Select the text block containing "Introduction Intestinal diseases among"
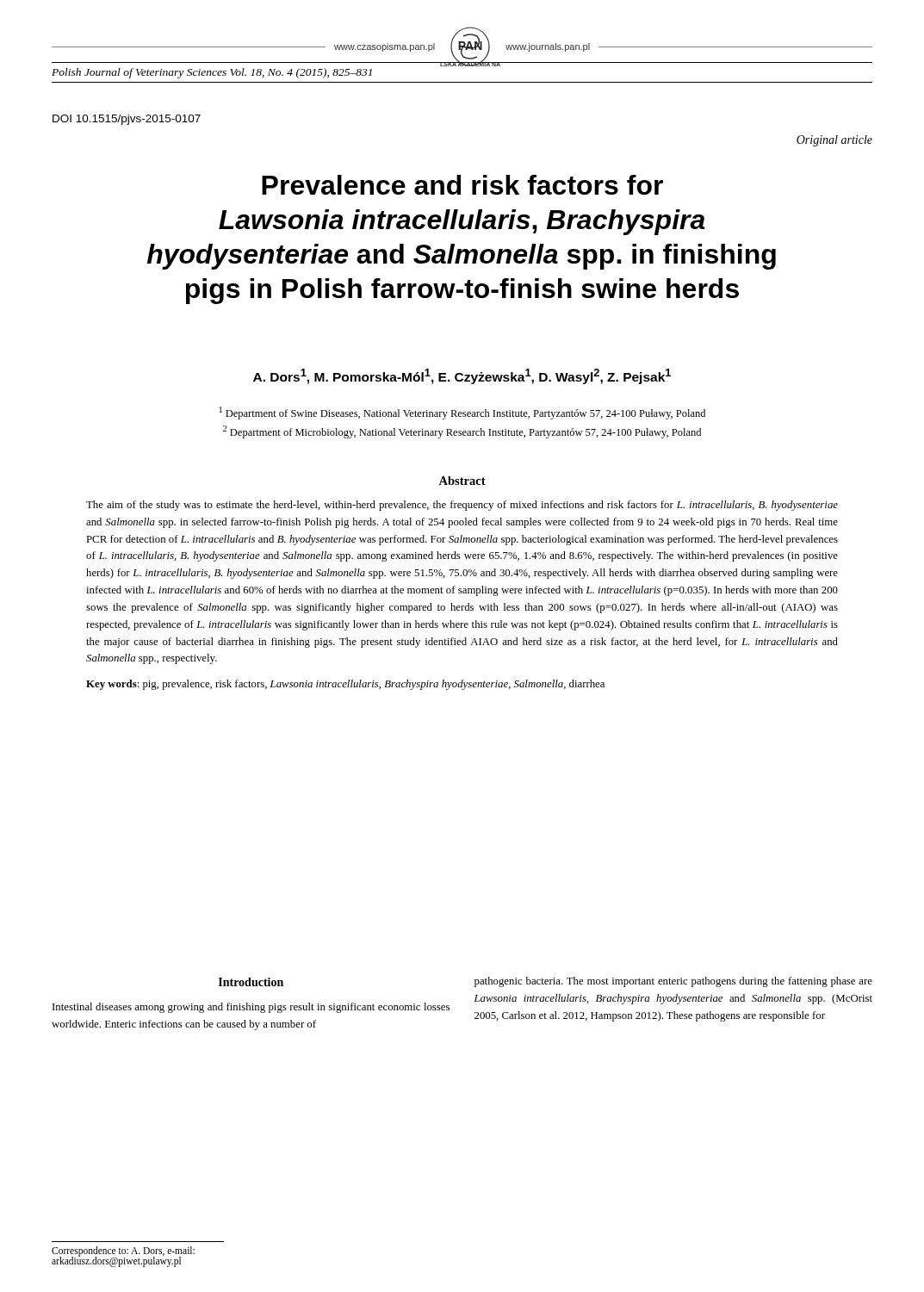924x1292 pixels. point(251,1001)
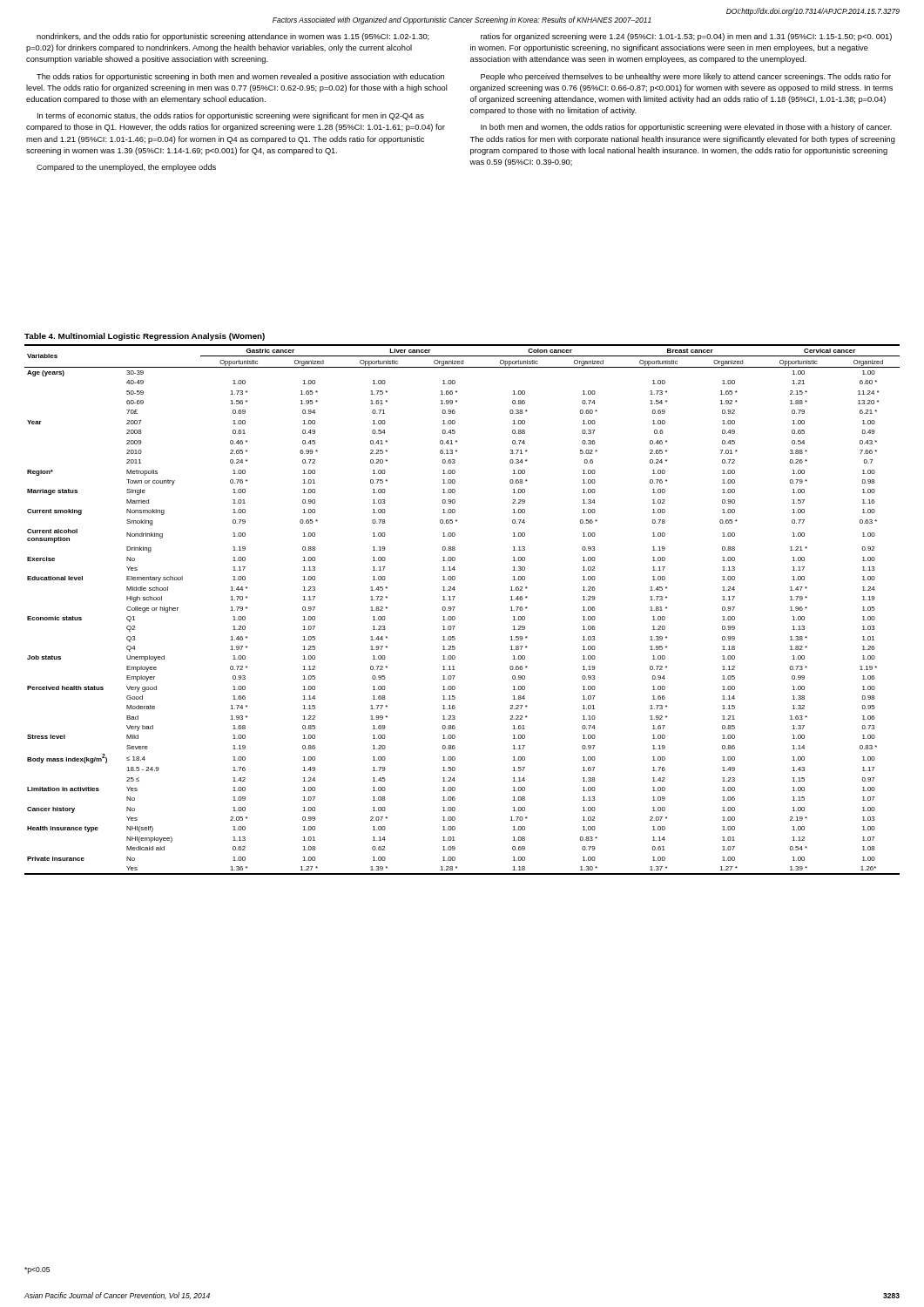Find the text block that reads "nondrinkers, and the odds ratio for opportunistic screening"
Screen dimensions: 1307x924
coord(240,102)
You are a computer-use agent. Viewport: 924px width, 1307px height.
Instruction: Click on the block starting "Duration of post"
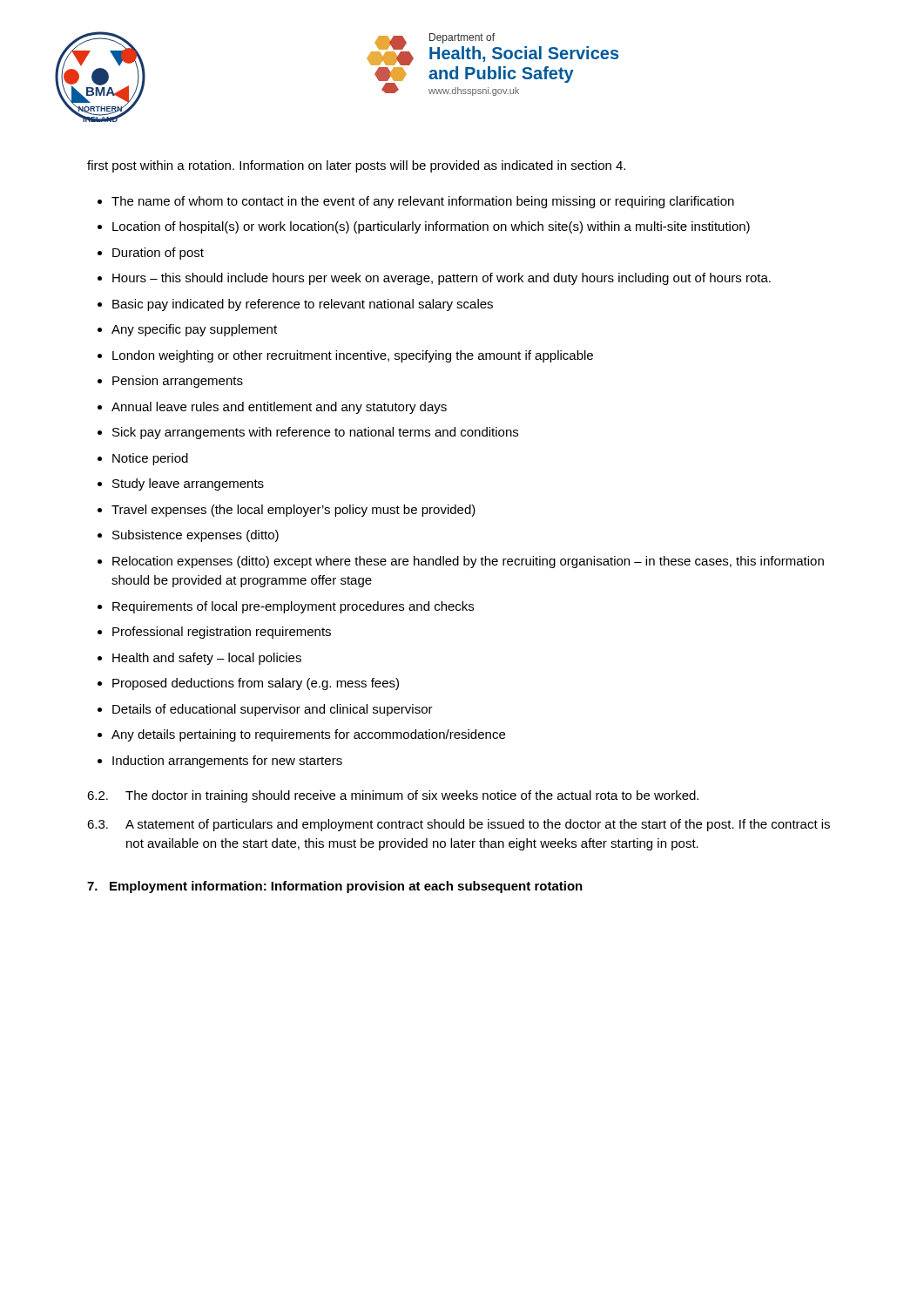[x=158, y=252]
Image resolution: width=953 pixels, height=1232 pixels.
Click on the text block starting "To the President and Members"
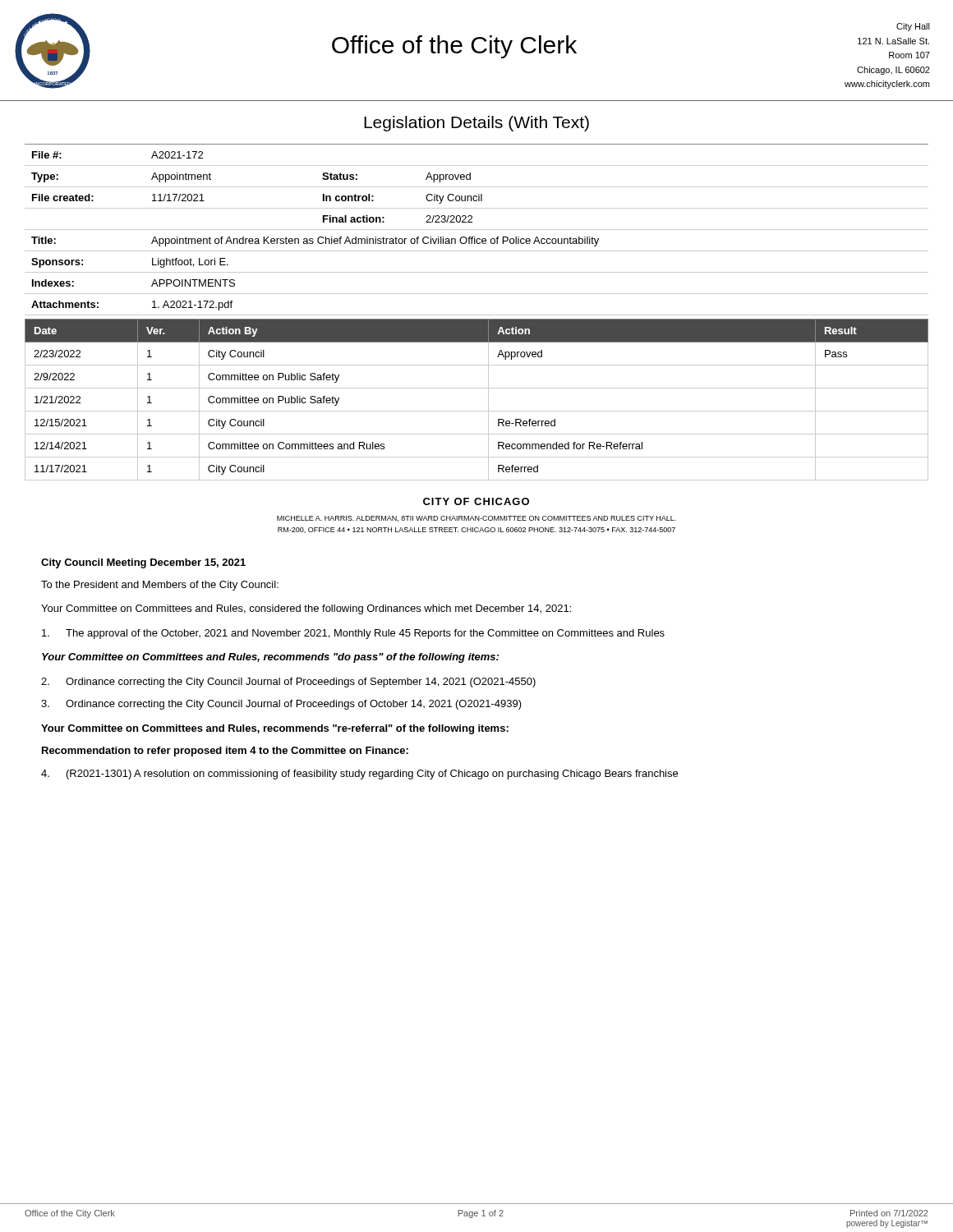click(x=160, y=584)
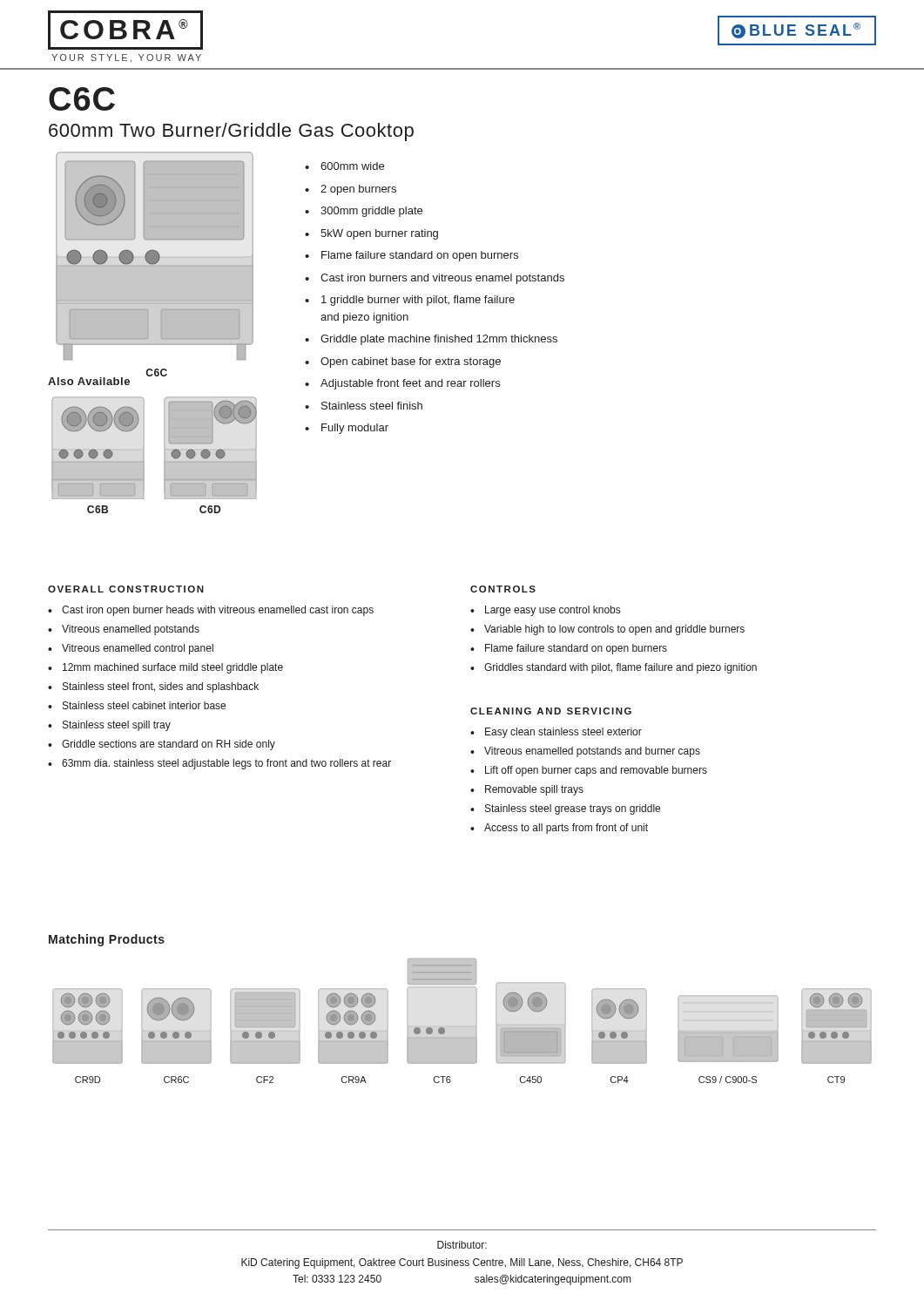Click on the list item that says "Cast iron open burner heads"
The height and width of the screenshot is (1307, 924).
(218, 610)
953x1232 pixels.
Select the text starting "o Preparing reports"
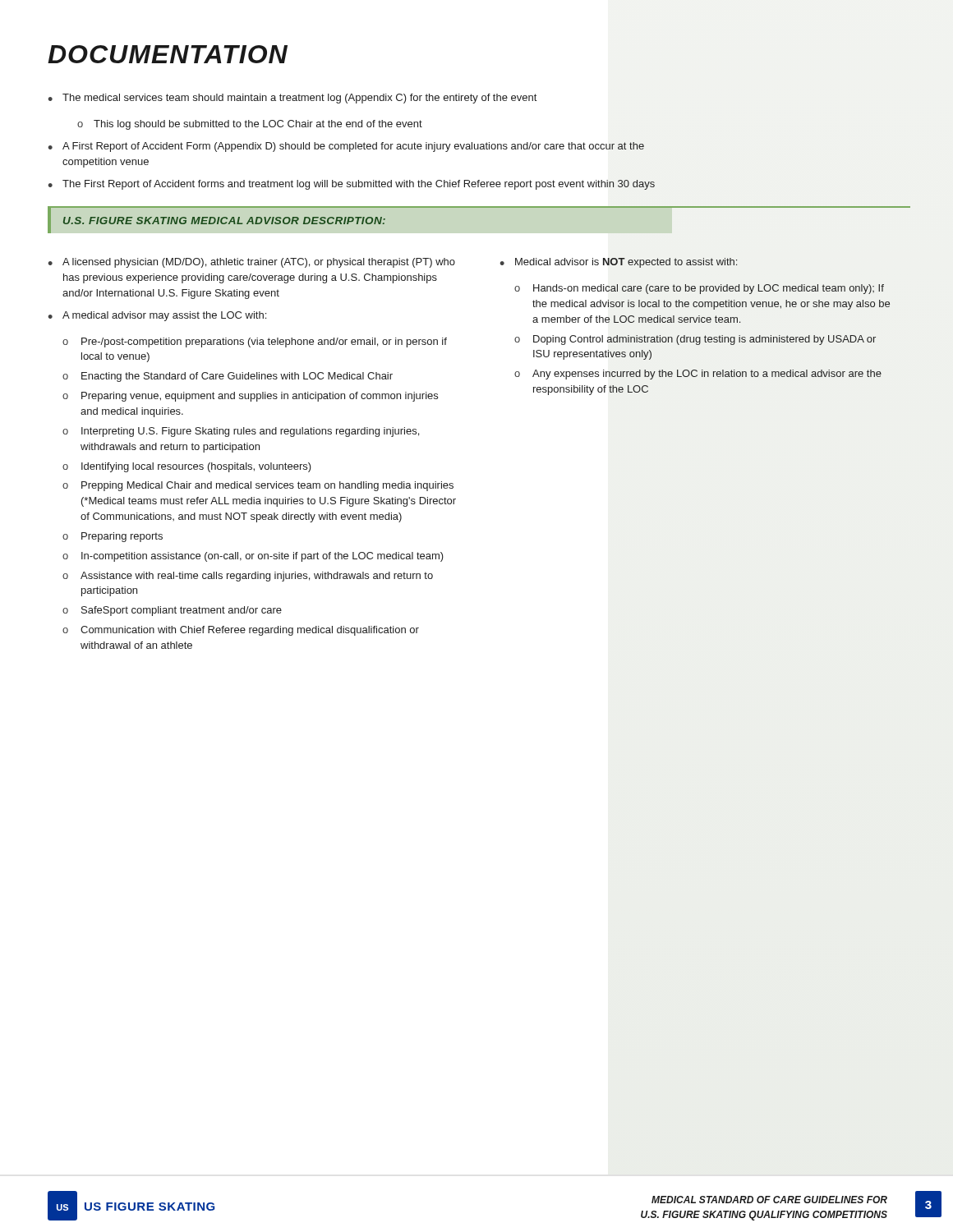[x=113, y=537]

■ ■ ■ ■ ■ ■ ■

■ Work task ■
Set down again, word for word, every line from the one with "You are a computer-use" to the one with "Image resolution: width=953" in the entries above, and omit the pictures.

■ Answer to the exercise ■
You are a computer-use agent. Viewport: 924px width, 1307px height.
Instruction: Click on the block starting "Duration of post"
[x=158, y=252]
Image resolution: width=953 pixels, height=1232 pixels.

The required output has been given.